Yoga is generally considered safe for most healthy people when practiced under the guidance of a trained instructor. But there are some situations in which yoga might pose a risk.

See your doctor before you begin yoga if any of the following apply to you:

  • A herniated disk
  • A risk of blood clots
  • Eye conditions, including glaucoma
  • Pregnancy — although yoga is generally safe during pregnancy, certain poses should be avoided
  • Severe balance problems
  • Severe osteoporosis
  • Uncontrolled blood pressure

You may be able to practice yoga in these situations if you take precautions, such as avoiding certain poses or stretches. If you develop symptoms, such as pain, or have concerns, see your doctor to make sure you’re getting benefit and not harm from yoga.

Getting started

Although you can learn yoga from books and videos, beginners usually find it helpful to learn with an instructor. Classes also offer camaraderie and friendship, which are also important to overall well-being.

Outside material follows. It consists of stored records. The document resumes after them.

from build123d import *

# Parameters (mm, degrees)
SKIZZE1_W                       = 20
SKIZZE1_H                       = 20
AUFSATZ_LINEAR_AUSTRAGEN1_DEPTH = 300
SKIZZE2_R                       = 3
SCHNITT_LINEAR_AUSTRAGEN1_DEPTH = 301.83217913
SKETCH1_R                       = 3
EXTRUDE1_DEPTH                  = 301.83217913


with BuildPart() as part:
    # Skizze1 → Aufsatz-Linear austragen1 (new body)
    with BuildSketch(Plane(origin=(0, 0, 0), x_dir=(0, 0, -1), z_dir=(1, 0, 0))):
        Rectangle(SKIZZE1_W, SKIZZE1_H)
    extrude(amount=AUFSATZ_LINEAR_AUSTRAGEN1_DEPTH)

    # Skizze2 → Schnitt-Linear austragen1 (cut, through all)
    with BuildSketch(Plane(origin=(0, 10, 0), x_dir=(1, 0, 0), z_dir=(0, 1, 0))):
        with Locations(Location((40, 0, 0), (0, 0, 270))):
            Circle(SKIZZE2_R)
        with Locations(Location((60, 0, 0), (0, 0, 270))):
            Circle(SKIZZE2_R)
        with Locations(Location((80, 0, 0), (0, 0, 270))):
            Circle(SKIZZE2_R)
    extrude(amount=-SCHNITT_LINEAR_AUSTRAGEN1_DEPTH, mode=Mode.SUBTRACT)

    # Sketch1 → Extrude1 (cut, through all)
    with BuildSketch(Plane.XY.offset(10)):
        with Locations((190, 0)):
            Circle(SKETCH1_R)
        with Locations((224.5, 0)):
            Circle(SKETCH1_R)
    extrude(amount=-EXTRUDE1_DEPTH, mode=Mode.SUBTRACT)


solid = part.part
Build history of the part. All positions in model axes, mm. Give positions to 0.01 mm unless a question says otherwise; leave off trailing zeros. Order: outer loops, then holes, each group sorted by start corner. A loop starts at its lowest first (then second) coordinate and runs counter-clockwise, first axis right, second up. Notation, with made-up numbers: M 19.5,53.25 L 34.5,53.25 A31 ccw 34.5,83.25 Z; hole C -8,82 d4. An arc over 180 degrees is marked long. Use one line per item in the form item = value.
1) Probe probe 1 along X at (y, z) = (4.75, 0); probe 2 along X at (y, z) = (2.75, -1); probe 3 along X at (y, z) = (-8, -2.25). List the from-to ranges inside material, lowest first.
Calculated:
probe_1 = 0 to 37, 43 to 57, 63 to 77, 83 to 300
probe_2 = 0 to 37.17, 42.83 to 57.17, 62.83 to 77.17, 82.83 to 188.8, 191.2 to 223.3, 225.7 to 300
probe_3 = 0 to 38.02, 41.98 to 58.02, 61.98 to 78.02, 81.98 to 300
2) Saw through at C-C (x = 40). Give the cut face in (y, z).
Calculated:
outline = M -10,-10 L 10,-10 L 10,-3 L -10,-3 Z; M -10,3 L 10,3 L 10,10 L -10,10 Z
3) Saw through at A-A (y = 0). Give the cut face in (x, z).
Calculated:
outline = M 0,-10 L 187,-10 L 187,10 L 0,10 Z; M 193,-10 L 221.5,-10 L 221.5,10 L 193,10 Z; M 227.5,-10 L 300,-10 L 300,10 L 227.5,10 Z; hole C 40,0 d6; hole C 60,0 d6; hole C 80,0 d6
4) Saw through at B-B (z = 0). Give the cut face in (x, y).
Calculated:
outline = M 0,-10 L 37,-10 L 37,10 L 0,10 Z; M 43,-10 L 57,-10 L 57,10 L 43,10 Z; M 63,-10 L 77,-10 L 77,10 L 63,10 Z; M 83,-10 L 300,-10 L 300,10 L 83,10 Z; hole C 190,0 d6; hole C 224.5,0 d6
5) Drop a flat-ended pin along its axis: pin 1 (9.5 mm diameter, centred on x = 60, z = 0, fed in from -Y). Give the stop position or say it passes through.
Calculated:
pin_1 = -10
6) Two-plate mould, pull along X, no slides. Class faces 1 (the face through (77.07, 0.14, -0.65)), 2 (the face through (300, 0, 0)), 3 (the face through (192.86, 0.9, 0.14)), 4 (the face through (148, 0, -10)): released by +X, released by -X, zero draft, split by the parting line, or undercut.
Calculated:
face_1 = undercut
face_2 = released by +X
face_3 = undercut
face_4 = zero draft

When you find a class that sounds interesting, talk with the instructor so that you know what to expect. Questions to ask include:

  • What are the instructor’s qualifications? Where did he or she train and how long has he or she been teaching?
  • Does the instructor have experience working with students with your needs or health concerns? If you have a sore knee or an aching shoulder, can the instructor help you find poses that won’t aggravate your condition?
  • How demanding is the class? Is it suitable for beginners? Will it be easy enough to follow along if it’s your first time?
  • What can you expect from the class? Is it aimed at your needs, such as stress management or relaxation, or is it geared toward people who want to reap other benefits?

Achieving the right balance

Every person has a different body with different abilities. You may need to modify yoga postures based on your individual abilities. Your instructor may be able to suggest modified poses. Choosing an instructor who is experienced and who understands your needs is important to safely and effectively practice yoga.

Regardless of which type of yoga you practice, you don’t have to do every pose. If a pose is uncomfortable or you can’t hold it as long as the instructor requests, don’t do it. Good instructors will understand and encourage you to explore — but not exceed — your personal limits.